The Covid-19 pandemic has delivered unusual stock market volatility. Recent headlines like “Risk tolerance drops as investors sell down” or “Has the coronavirus revealed a client’s real risk tolerance?” may lead a client to think risk tolerance changes with market conditions, but a properly measured tolerance for financial risk is a long-term quality not intended to be impacted by short-term events. So, does investors’ risk tolerance change under volatile market conditions or is some other factor at play?
Data from the FinaMetrica (a renowned risk profiling platform) spanning different market conditions over time, demonstrates remarkable consistency in the average scores. Consistency is a good thing. If a client’s risk tolerance changed every time they came to an advisor’s office (or joined them on a Zoom call) it would be very difficult to give consistent defensible advice.
A client’s risk tolerance is how emotionally comfortable they are with taking risk. Imagine a continuum from reducing risk to avoid unfavourable outcomes up to embracing risk to achieve higher returns—where a client sits along that continuum is your risk tolerance. Risk tolerance is a psychological trait, a distinguishing characteristic that makes each person different, much the same way I could be on a scale somewhere between introverted and extroverted.
Like other psychological traits, risk tolerance tends to be stable over time and market conditions. Most people do not change from being an introvert one day to an extrovert the next, nor does their risk tolerance change. Not all questionnaires that claim to measure a client’s risk tolerance are created equal. Psychometrics—the marriage of psychology and statistics, provides standards for evaluating tests, sorting the good from the bad. A good test should be both valid—measures what it purports to measure, and reliable—measure consistently over time with accuracy.
FinaMetrica published data built on more than 1.2 million risk tolerance tests globally from January 2008 through to April 2020, spanning the Global Financial Crisis (GFC) of 2008 to the boom leading up to the current Covid-19 crash. Risk tolerance, globally and across the major markets of Australia and New Zealand, United Kingdom and United States, stays at an average of around 50 (on a scale of 1 to 100). Sure, there is some variation, but not in magnitude nor very correlated to market movements. Interestingly, because FinaMetrica has had thousands of the same clients take the test both before and after a crisis, researchers have confirmed this consistency is not only on average but that individuals largely test the same after a crisis as before.

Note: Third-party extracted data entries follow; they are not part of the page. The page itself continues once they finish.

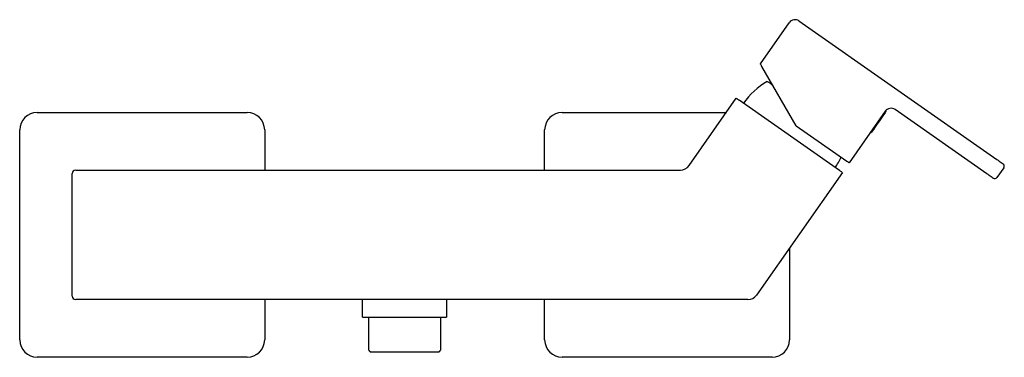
# Model space of a CAD drawing. Header units: millimetres. Extents: x 4007.683 to 4007.964, y 1849.41 to 1849.506.
import ezdxf

# ---------------------------------------------------------------- set-up
doc = ezdxf.new("R2010")
doc.units = ezdxf.units.MM
doc.layers.add('SANINDUSA', color=3, linetype='Continuous')

msp = doc.modelspace()

# ---------------------------------------------------------------- linework, layer by layer
at = {"layer": 'SANINDUSA'}
for p, q in [((4007.8947, 1849.49347), (4007.90295, 1849.50524)), ((4007.90573, 1849.50573), (4007.96225, 1849.46615)), ((4007.90491, 1849.47579), (4007.89514, 1849.4927)), ((4007.87433, 1849.46437), (4007.88781, 1849.48362)), ((4007.9173, 1849.46297), (4007.88863, 1849.48305)), ((4007.68806, 1849.47959), (4007.74806, 1849.47959)), ((4007.83806, 1849.47959), (4007.88499, 1849.47959)), ((4007.93039, 1849.47992), (4007.92006, 1849.46518)), ((4007.95939, 1849.46206), (4007.93317, 1849.48041)), ((4007.68306, 1849.41459), (4007.68306, 1849.47459)), ((4007.75306, 1849.47459), (4007.75306, 1849.46309)), ((4007.83306, 1849.46309), (4007.83306, 1849.47459)), ((4007.90491, 1849.47579), (4007.91941, 1849.46564)), ((4007.69906, 1849.46309), (4007.87187, 1849.46309)), ((4007.96425, 1849.46378), (4007.9623, 1849.46099)), ((4007.69806, 1849.42709), (4007.69806, 1849.46209)), ((4007.91812, 1849.4624), (4007.89359, 1849.42737)), ((4007.90306, 1849.4409), (4007.90306, 1849.41459)), ((4007.89113, 1849.42609), (4007.69906, 1849.42609)), ((4007.75306, 1849.42609), (4007.75306, 1849.41459)), ((4007.78106, 1849.42109), (4007.78106, 1849.42609)), ((4007.80506, 1849.42609), (4007.80506, 1849.42109)), ((4007.83306, 1849.41459), (4007.83306, 1849.42609)), ((4007.78106, 1849.42109), (4007.79279, 1849.42109)), ((4007.78281, 1849.41159), (4007.78281, 1849.42109)), ((4007.79279, 1849.42109), (4007.80506, 1849.42109)), ((4007.80331, 1849.42109), (4007.80331, 1849.41159)), ((4007.74806, 1849.40959), (4007.68806, 1849.40959)), ((4007.80281, 1849.41109), (4007.78331, 1849.41109)), ((4007.89806, 1849.40959), (4007.83806, 1849.40959))]:
    msp.add_line(p, q, dxfattribs=at)
at = {"layer": 'SANINDUSA', "flags": 128}
for points in [[(4007.89514, 1849.4927), (4007.89506, 1849.49285), (4007.89498, 1849.49299), (4007.8949, 1849.49313), (4007.89483, 1849.49324), (4007.89478, 1849.49334), (4007.89474, 1849.49341), (4007.89471, 1849.49345), (4007.8947, 1849.49347)], [(4007.89827, 1849.48728), (4007.89766, 1849.48771), (4007.89707, 1849.48813), (4007.89674, 1849.48836), (4007.89666, 1849.48841)], [(4007.88781, 1849.48362), (4007.88783, 1849.48361), (4007.88787, 1849.48358), (4007.88795, 1849.48353), (4007.88805, 1849.48345), (4007.88818, 1849.48337), (4007.88832, 1849.48327), (4007.88847, 1849.48316), (4007.88863, 1849.48305)], [(4007.93067, 1849.47997), (4007.93058, 1849.47984), (4007.93031, 1849.47946)], [(4007.93031, 1849.47946), (4007.92988, 1849.47885), (4007.92934, 1849.47807), (4007.92872, 1849.47719), (4007.92809, 1849.47629), (4007.9275, 1849.47545), (4007.927, 1849.47474), (4007.92664, 1849.47422), (4007.92645, 1849.47395), (4007.92642, 1849.47391)], [(4007.92006, 1849.46518), (4007.92005, 1849.46519), (4007.92001, 1849.46521), (4007.91995, 1849.46525), (4007.91987, 1849.46531), (4007.91977, 1849.46538), (4007.91966, 1849.46546), (4007.91954, 1849.46555), (4007.91941, 1849.46564)], [(4007.96225, 1849.46615), (4007.96261, 1849.46591), (4007.96294, 1849.46567), (4007.96326, 1849.46545), (4007.96353, 1849.46526), (4007.96375, 1849.4651), (4007.96392, 1849.46499), (4007.96402, 1849.46492), (4007.96406, 1849.46489)], [(4007.9173, 1849.46297), (4007.91746, 1849.46286), (4007.91761, 1849.46275), (4007.91776, 1849.46266), (4007.91788, 1849.46257), (4007.91798, 1849.4625), (4007.91806, 1849.46244), (4007.9181, 1849.46241), (4007.91812, 1849.4624)], [(4007.96119, 1849.4608), (4007.96115, 1849.46082), (4007.96105, 1849.46089), (4007.96089, 1849.46101), (4007.96066, 1849.46117), (4007.96039, 1849.46136), (4007.96008, 1849.46158), (4007.95974, 1849.46181), (4007.95939, 1849.46206)]]:
    msp.add_lwpolyline(points, dxfattribs=at)
at = {"layer": 'SANINDUSA'}
for centre, radius, start, end in [((4007.90459, 1849.50409), 0.002, 55, 145), ((4007.90727, 1849.47), 0.02125, 119.9424, 145), ((4007.68806, 1849.47459), 0.005, 90, 180), ((4007.74806, 1849.47459), 0.005, 0, 90), ((4007.83806, 1849.47459), 0.005, 90, 180), ((4007.93203, 1849.47877), 0.002, 55, 145), ((4007.93059, 1849.48003), 0.0001, 325, 55), ((4007.92634, 1849.47397), 0.0001, 235, 325), ((4007.89867, 1849.47602), 0.02125, 325, 334.1784), ((4007.69906, 1849.46209), 0.001, 90, 180), ((4007.87187, 1849.46609), 0.003, 270, 325), ((4007.9636, 1849.46424), 0.0008, 325, 55), ((4007.96165, 1849.46145), 0.0008, 235, 325), ((4007.69906, 1849.42709), 0.001, 180, 270), ((4007.89113, 1849.42909), 0.003, 270, 325), ((4007.68806, 1849.41459), 0.005, 180, 270), ((4007.74806, 1849.41459), 0.005, 270, 0), ((4007.83806, 1849.41459), 0.005, 180, 270), ((4007.89806, 1849.41459), 0.005, 270, 0)]:
    msp.add_arc(centre, radius, start, end, dxfattribs=at)
for points in [[(4007.93064, 1849.48011), (4007.93058, 1849.48015)], [(4007.9262, 1849.47394), (4007.92628, 1849.47388)], [(4007.78281, 1849.41159), (4007.78331, 1849.41109)], [(4007.80281, 1849.41109), (4007.80331, 1849.41159)]]:
    msp.add_open_spline(points, degree=1, dxfattribs=at)

doc.saveas('drawing.dxf')

A risk tolerance test that follows short term market volatility is dangerous for clients and advisors. If a poorly constructed test was applied during bull markets and it made people look more aggressive than they really are, when a downturn comes, they might panic sell and crystalize losses. Conversely, if a faulty test were applied during a down market and it indicated people are more risk averse than they truly are, their advisor could invest them more conservatively than they should, and returns could be unnecessarily sacrificed. Poor risk tolerance tests correlated to the market are also challenging for financial planning professionals and their firms, who must satisfy regulators that the tool they are using is fit for purpose. This is hard to do if the results change every time the client is tested.
So why do many advisors believe a client’s behaviour changes in a downturn and that they become more risk averse? Or why do so many clients do the wrong thing, panic and sell more equities in a market crash if risk tolerance is stable? Maybe it is not the client’s risk tolerance that has changed (as indicated by the FinaMetrica data) but the perception of risk in the marketplace. Clients might be quite willing to live with a 30% drop in their portfolio value but when CNN tells them this crisis could lead to the next Great Depression, no wonder they can become scared!
COVID-19 has brought a market shock and there will be others to come. Advisors who have performed a valid risk profile for their clients (and as we discussed many clients have not completed a proper risk assessment) find that clients are more likely to stay the course. In all cases advisors can and should provide an important role helping clients manage uncertainty to deal with the fear generated in the media, through proper guidance and education. If assessed properly, risk tolerance will be a stable factor in any financial planning conversation, steering the focus towards long term risk and return expectations; restraining excitement during upturns and dispelling unnecessary fears during downturns.